A GT3 inspired RC car

AT25 Journal

This journal will document my findings and progress throughout the project.

Entry 1 (June 19th)

Time Spent: 3

Total Time on Project: 3


Day 1 involved researching and selecting the necessary components. I plan to order most of the parts from GreatHobbies, a Canadian hobby store.

Initially, I selected the battery based on my preferred voltage of 7.4V due to the availability of batteries and motors, and it being at an ideal performance range. For the capacity, I opted for 5000mAh to achieve a decent runtime while remaining cost-effective.

Next, I chose the motor, which required thorough research and consideration.
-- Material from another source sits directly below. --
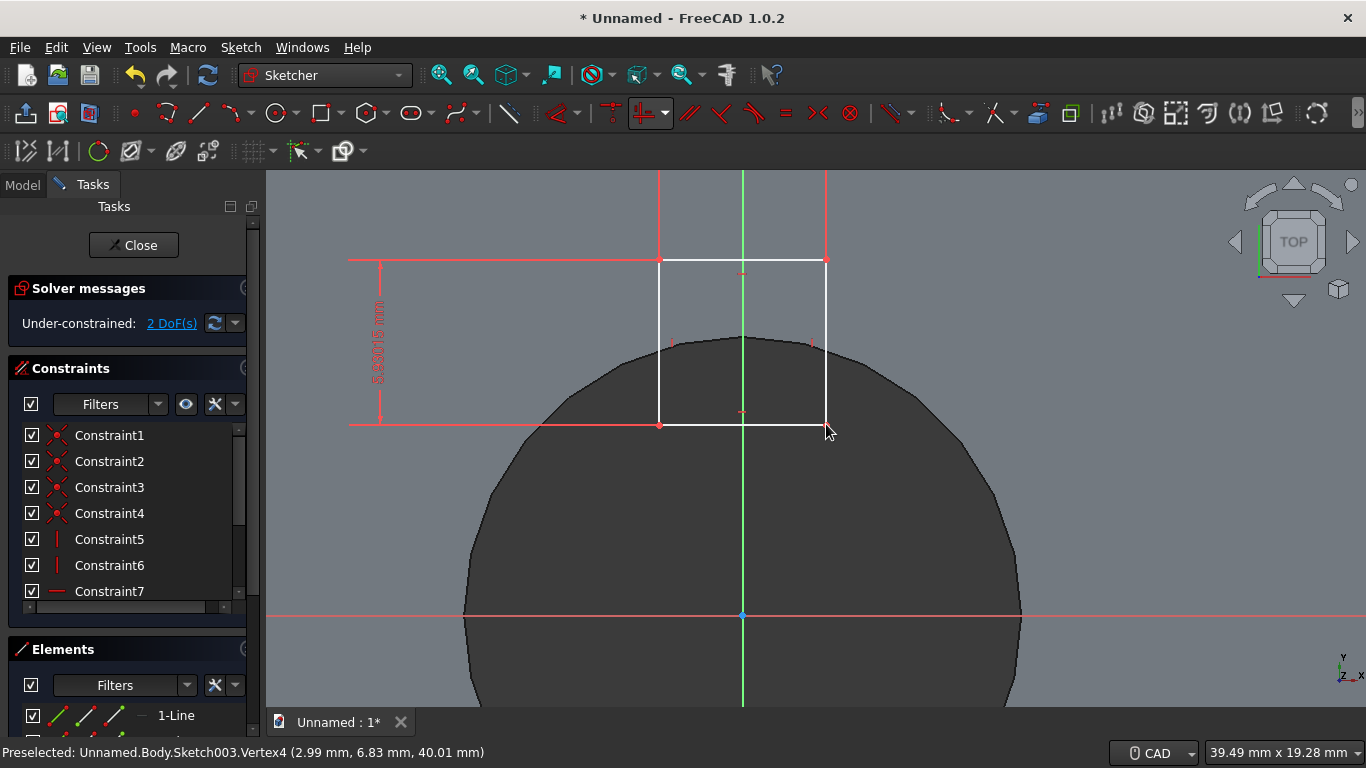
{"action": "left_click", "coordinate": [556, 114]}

After evaluating the options, I decideed that using a single motor for a RWD setup would offer better cost-effectiveness and performance than 2 motor AWD. The selected motor is a 1406-2280KV, 4-pole sensored model, which can be found in the Bill of Materials (BOM).
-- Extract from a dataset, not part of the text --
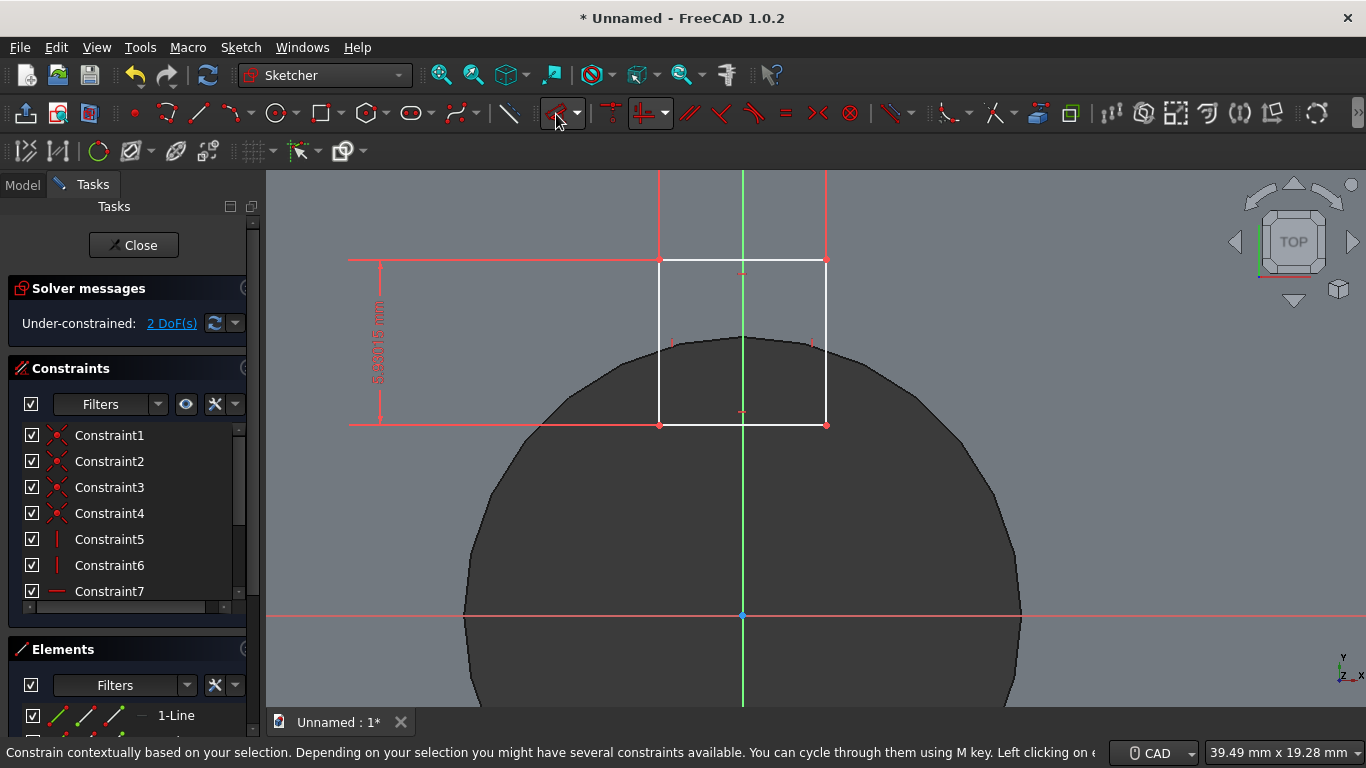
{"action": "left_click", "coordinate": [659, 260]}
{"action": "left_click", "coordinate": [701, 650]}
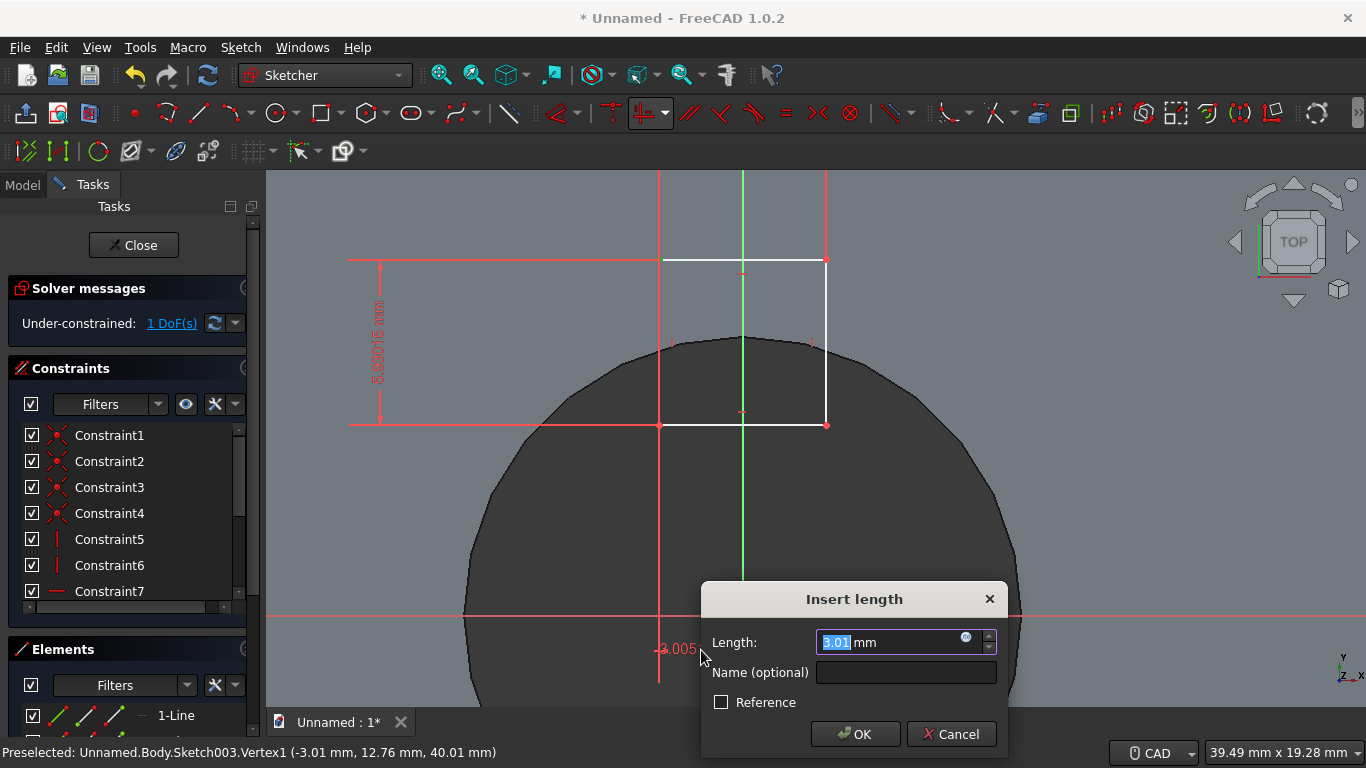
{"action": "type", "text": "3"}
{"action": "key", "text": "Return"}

Lastly, I selected the tires. Although I originally wanted RC slick tires, the best available option was vintage racing tires. I chose a 26mm width for the front tires and a wider 31mm for the rear.

The BOM can be found at the following link: AT25 BOM

The BOM

Entry 2 (June 20th)

Time Spent: 2

Total Time on Project: 5


Today, I began laying out the general design of the car. I began by learning how the aerodynamic elements work and the different elements used. Through this, I got refreshed on Bernoulli's and got a surface level understanding on how the important elements work.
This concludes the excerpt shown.